# DVR & Cisco 5505



## RBlaikie (Apr 14, 2011)

Hello, I have just recently started working at a place where the network was setup by engineers from PC World, a contract we no longer have.

The network has 3 computers(1 being a server) and a DVR for our CCTV cameras. Everything is connected to a Cisco ASA 5505 router firewall which is then connected to a Netgear DSL modem router which is finally connected to our phone line to provide internet access.

We have just had our DVR replaced and the network settings on it have been configured correctly. I can connect to the DVR using a web browser to view the cameras from any computer within the network.

The main problem is connecting to the DVR from outside the network i.e at home.
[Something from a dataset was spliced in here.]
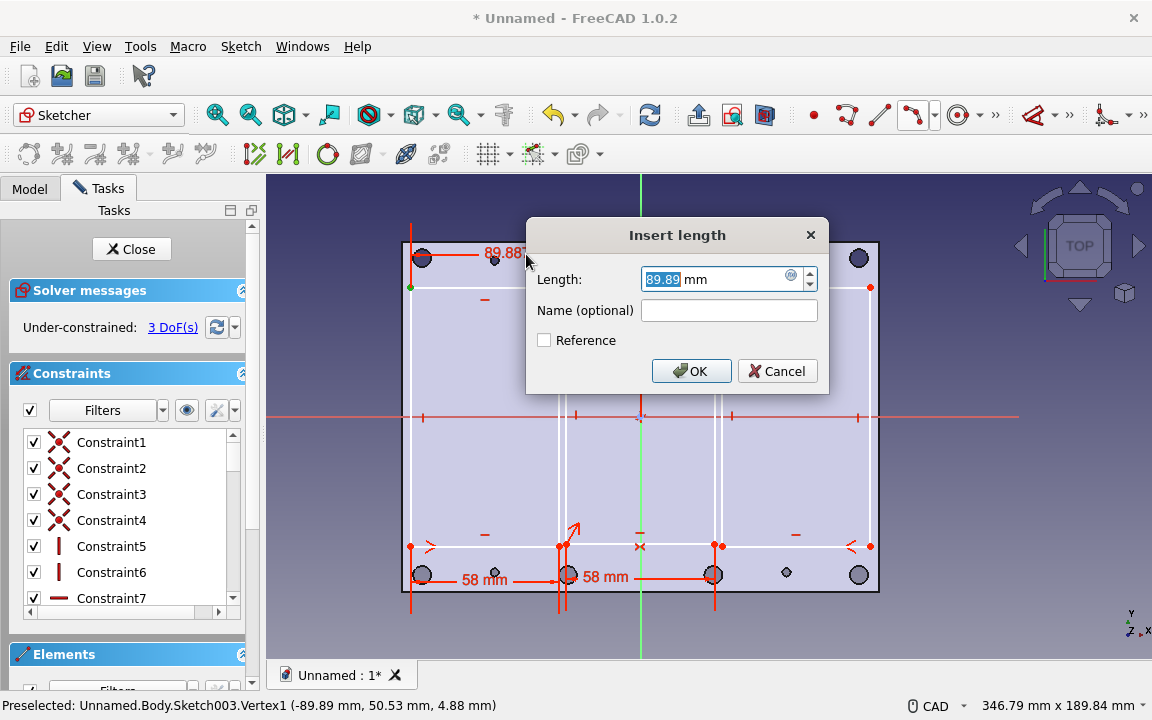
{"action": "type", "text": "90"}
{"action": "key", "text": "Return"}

I have no clue whatsoever how to login to the cisco router or effectively use the console to setup access from outside the network.

Any help at all would be much appreciated - thanks!


----------



## Wand3r3r (Sep 17, 2010)

you shouldn't have to make any changes to the routers if you set the same settings as the old system on the new.

Did you set the same ip address as before?
Did you set the same port numbers as used before? <-- I suspect this is the issue.

If you don't know the account and password to logon to the Cisco or netgear you need to get them from the person who set them up.


----------



## RBlaikie (Apr 14, 2011)

I thought it would be something to do with the port aswell, however, I do not remember the port of the old DVR :sigh: the ip is the same thought.


----------



## Wand3r3r (Sep 17, 2010)

any way you can logon to the old dvr to determine the port or ports used?
do you have access to the routers logon /password information?


----------



## RBlaikie (Apr 14, 2011)

The old DVR was taken when we had a break in and I have no idea what the logon details are for the router.

I have contacted PC World to see if they can provide me with this information, I doubt it though.


----------



## Wand3r3r (Sep 17, 2010)

You are going to need access to the router. If you can't contact the person who set it up you will need to hire someone to come in, set it back to factory defaults which set you back to the generic logon and password. This person would then need to set the router up again.


----------